[ofa-general] [RFC][PATCH] last wqe event handler patch

Shirley Ma xma at us.ibm.com
Tue Jun 24 17:34:43 PDT 2008





Hello Roland,

This patch addresses a possible race if more than two last wqe reached events
have been received.
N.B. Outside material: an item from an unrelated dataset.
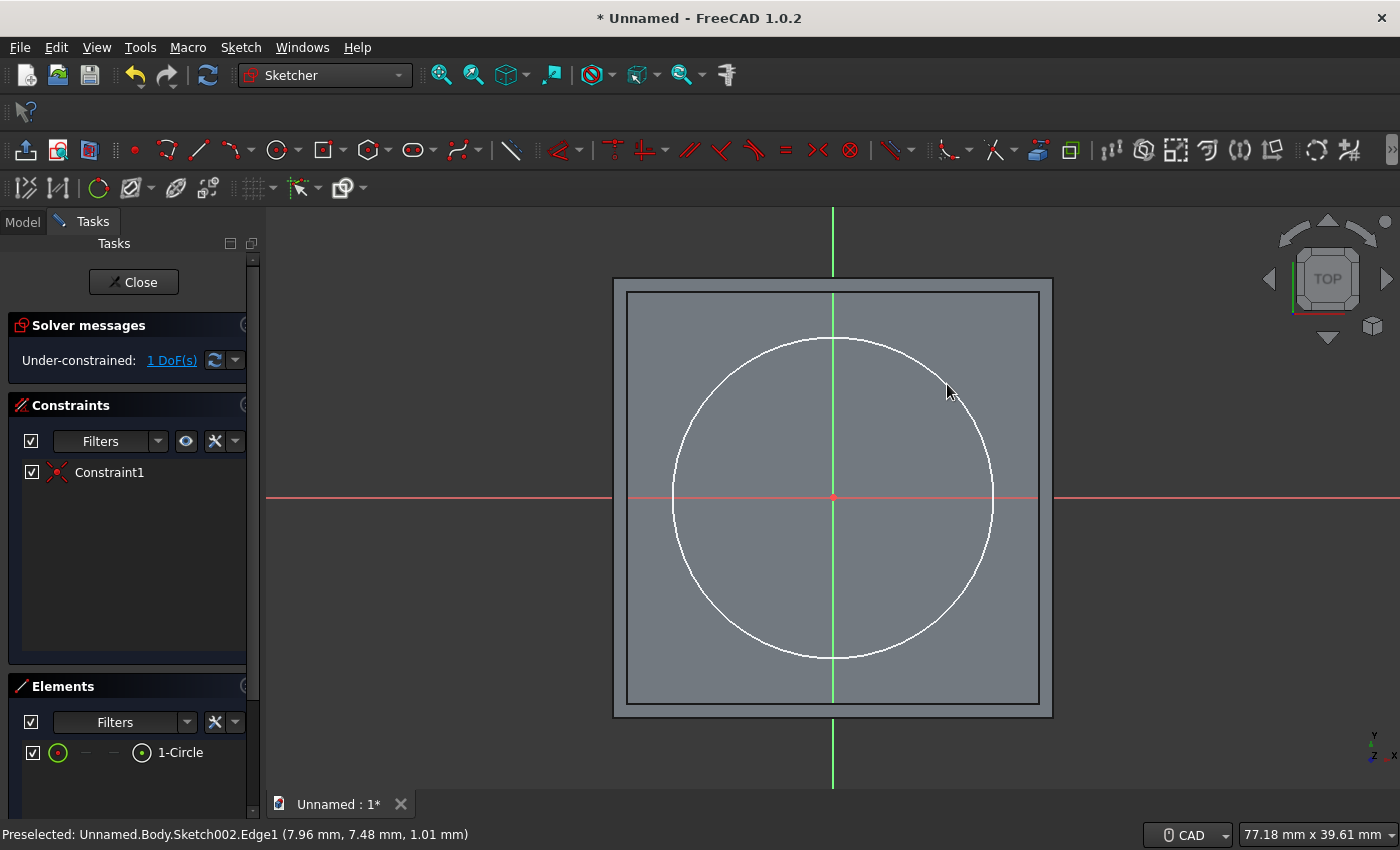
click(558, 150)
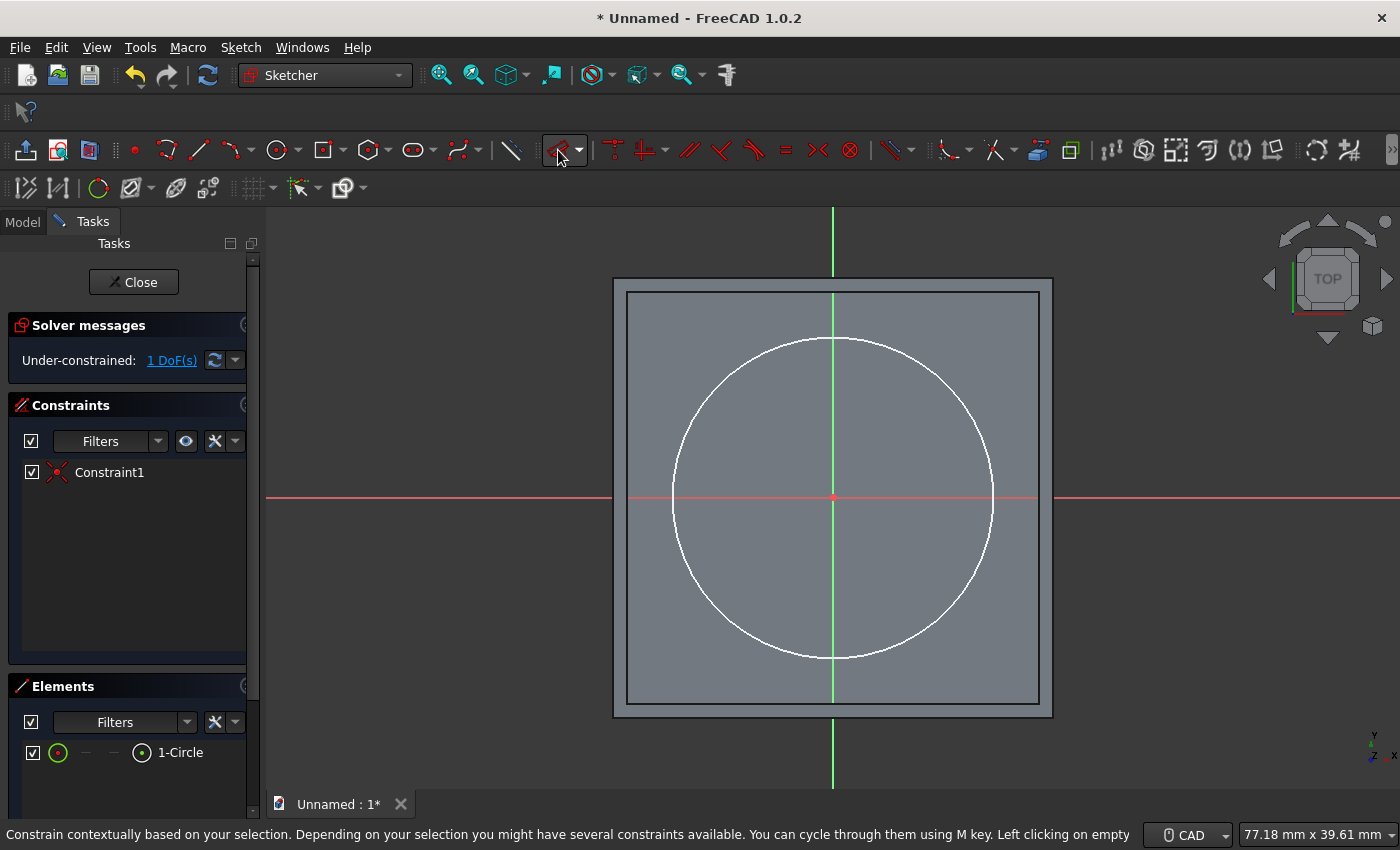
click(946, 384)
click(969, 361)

The first reap will reap all list in the drain list, then
if there is any other cqe arrives after the first drain WR cqe, then it will
crash.


Signed-off-by: Shirley Ma <xma at us.ibm.com>
---------------------

 drivers/infiniband/ulp/ipoib/ipoib.h    |    1 -
 drivers/infiniband/ulp/ipoib/ipoib_cm.c |   38 +++++++++++++++---------------
 2 files changed, 19 insertions(+), 20 deletions(-)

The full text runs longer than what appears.